[Stored dataset items]

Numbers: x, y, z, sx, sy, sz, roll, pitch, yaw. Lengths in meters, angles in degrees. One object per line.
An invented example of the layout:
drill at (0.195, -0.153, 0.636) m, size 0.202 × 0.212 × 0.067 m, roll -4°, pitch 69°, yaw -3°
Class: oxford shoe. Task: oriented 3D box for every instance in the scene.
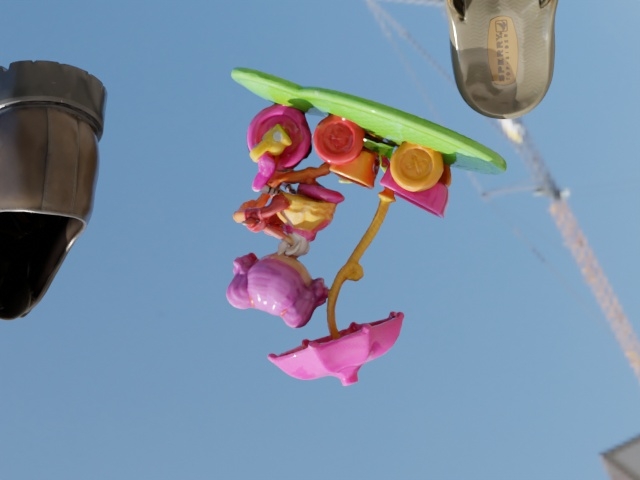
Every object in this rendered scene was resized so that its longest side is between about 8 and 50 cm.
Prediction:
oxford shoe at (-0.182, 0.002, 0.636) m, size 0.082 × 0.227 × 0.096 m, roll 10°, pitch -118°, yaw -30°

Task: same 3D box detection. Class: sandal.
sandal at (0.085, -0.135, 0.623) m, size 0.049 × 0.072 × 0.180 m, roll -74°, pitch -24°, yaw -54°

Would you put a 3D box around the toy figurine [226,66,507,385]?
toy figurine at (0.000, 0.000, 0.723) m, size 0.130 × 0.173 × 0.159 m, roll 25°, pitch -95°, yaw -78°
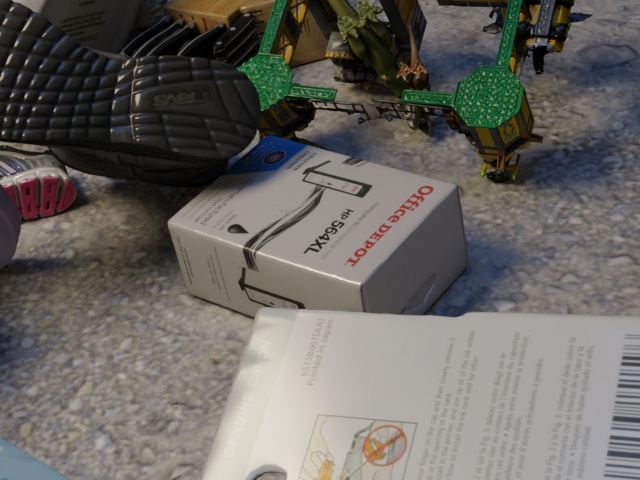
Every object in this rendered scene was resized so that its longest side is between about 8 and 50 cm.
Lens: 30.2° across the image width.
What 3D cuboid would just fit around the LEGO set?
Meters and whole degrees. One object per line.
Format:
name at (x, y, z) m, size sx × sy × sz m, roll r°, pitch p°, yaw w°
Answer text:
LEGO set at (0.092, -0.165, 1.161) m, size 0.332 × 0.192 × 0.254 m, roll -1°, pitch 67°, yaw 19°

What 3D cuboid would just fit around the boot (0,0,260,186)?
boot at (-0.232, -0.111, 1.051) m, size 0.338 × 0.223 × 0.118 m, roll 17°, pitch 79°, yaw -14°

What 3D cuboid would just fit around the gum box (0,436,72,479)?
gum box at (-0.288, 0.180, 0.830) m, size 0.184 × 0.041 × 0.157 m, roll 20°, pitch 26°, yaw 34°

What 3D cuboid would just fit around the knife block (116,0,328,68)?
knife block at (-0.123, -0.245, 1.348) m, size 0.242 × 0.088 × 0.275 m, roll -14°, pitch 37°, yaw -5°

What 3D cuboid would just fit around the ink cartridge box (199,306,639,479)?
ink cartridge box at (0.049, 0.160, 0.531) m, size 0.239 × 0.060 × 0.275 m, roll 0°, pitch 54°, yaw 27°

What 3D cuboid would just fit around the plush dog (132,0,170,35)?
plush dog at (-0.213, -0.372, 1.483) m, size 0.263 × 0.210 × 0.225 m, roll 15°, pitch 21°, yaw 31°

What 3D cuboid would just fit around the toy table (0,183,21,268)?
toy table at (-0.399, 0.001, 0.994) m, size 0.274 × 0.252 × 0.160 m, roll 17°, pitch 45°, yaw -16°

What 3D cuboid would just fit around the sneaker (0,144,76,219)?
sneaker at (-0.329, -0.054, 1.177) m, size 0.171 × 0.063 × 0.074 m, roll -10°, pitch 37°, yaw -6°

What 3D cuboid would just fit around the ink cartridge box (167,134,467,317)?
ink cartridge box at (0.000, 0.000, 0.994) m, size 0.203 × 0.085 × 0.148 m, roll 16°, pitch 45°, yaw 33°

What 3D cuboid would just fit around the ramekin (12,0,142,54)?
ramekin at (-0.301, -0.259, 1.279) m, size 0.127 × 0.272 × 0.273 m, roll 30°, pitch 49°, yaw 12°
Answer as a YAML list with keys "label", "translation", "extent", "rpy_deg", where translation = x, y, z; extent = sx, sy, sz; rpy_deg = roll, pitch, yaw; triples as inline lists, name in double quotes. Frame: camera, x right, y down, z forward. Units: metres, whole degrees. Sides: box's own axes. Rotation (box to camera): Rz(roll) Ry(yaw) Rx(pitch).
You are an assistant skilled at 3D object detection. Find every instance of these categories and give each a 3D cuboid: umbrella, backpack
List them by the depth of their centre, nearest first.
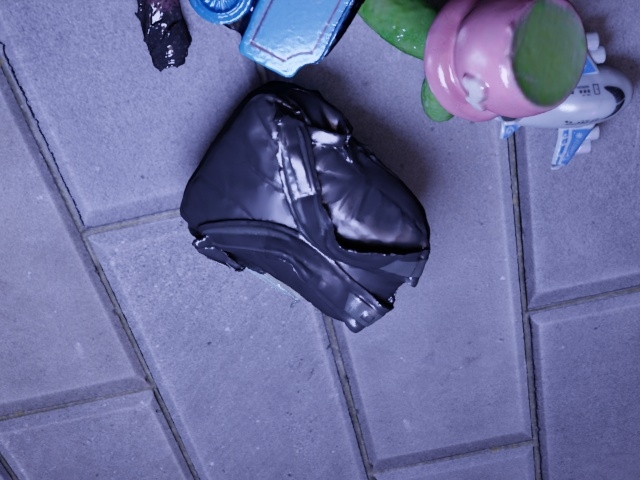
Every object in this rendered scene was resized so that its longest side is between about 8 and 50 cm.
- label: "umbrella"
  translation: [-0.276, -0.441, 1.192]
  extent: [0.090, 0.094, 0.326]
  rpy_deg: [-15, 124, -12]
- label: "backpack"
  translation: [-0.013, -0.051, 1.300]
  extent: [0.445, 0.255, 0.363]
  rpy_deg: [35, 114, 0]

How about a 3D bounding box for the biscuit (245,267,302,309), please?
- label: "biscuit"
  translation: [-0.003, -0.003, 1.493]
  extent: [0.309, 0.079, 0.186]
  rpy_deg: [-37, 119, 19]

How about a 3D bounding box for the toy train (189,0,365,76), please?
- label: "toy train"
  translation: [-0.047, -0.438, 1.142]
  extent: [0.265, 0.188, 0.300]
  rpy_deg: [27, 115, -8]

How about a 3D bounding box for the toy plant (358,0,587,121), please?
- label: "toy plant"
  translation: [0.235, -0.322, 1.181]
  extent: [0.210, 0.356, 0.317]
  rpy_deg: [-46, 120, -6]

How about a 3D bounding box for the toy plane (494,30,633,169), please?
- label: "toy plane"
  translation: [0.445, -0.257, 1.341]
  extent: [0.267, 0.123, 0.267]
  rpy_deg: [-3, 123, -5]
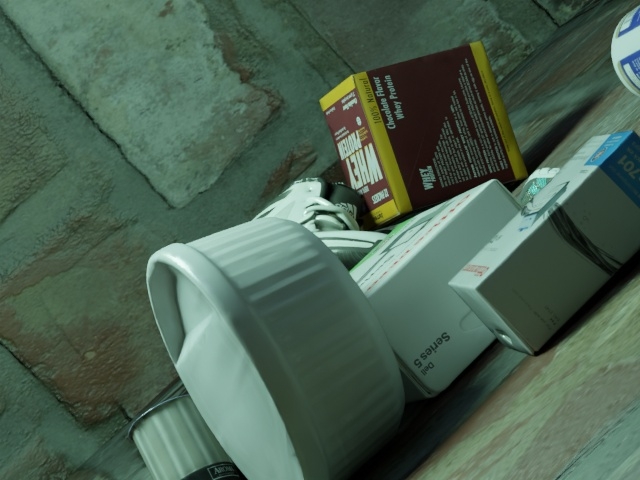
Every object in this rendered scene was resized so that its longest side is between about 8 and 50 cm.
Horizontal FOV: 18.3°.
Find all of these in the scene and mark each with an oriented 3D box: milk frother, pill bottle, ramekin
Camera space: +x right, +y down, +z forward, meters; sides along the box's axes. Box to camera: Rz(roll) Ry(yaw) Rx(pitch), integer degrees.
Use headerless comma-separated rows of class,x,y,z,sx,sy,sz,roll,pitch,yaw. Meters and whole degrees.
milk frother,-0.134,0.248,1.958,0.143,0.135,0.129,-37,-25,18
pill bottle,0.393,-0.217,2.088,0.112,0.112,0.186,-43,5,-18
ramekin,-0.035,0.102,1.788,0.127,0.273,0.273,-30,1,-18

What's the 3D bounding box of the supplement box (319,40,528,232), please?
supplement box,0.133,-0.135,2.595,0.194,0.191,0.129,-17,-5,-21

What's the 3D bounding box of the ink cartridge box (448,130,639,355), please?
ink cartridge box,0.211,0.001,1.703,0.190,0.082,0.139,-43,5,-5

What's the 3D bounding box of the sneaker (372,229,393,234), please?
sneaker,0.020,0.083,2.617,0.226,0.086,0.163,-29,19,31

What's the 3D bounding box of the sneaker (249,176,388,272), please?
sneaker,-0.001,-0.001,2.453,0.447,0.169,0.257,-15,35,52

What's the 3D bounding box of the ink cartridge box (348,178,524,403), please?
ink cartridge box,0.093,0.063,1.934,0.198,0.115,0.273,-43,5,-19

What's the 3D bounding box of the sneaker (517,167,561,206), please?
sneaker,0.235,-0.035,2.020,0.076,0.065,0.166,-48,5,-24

* * *

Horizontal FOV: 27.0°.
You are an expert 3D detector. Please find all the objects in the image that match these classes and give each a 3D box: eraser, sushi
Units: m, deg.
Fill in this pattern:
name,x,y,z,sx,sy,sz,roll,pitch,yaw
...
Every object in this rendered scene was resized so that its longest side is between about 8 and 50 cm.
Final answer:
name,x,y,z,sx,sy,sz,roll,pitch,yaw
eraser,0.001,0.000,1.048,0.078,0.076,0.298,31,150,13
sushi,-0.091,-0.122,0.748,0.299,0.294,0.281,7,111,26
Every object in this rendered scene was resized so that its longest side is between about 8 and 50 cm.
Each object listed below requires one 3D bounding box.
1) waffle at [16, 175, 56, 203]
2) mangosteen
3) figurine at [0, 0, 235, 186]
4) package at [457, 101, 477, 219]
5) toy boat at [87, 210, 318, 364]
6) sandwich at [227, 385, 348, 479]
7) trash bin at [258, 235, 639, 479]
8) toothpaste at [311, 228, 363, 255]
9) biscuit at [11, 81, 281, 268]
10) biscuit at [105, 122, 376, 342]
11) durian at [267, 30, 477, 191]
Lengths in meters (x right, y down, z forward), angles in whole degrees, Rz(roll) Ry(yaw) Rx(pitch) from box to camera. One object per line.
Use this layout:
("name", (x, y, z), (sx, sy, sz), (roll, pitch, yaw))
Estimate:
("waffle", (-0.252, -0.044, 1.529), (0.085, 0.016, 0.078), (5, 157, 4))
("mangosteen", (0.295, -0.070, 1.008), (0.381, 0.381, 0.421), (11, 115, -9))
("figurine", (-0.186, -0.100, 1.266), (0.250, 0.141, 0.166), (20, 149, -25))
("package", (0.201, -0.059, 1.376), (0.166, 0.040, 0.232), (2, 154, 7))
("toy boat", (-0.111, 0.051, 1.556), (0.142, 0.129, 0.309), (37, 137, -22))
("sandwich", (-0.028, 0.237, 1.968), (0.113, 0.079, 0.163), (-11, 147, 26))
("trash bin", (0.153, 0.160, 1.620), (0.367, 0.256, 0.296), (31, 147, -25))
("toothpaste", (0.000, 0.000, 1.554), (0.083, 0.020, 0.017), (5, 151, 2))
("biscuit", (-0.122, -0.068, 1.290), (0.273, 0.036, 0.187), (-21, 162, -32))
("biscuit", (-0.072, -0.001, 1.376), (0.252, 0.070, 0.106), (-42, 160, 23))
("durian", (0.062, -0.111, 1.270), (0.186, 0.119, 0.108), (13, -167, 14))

WORK INSTRUCTION. Send back an exact copy of only the lines from the line with "Numbers: x, y, z, sx, sy, sz, roll, pitch, yaw." up to and including the line with "drill at (0.195, -0.153, 0.636)" in the data above.

WRITTEN ANSWER.
Numbers: x, y, z, sx, sy, sz, roll, pitch, yaw. Lengths in meters, angles in degrees. One object per line.
An invented example of the layout:
drill at (0.195, -0.153, 0.636) m, size 0.202 × 0.212 × 0.067 m, roll -4°, pitch 69°, yaw -3°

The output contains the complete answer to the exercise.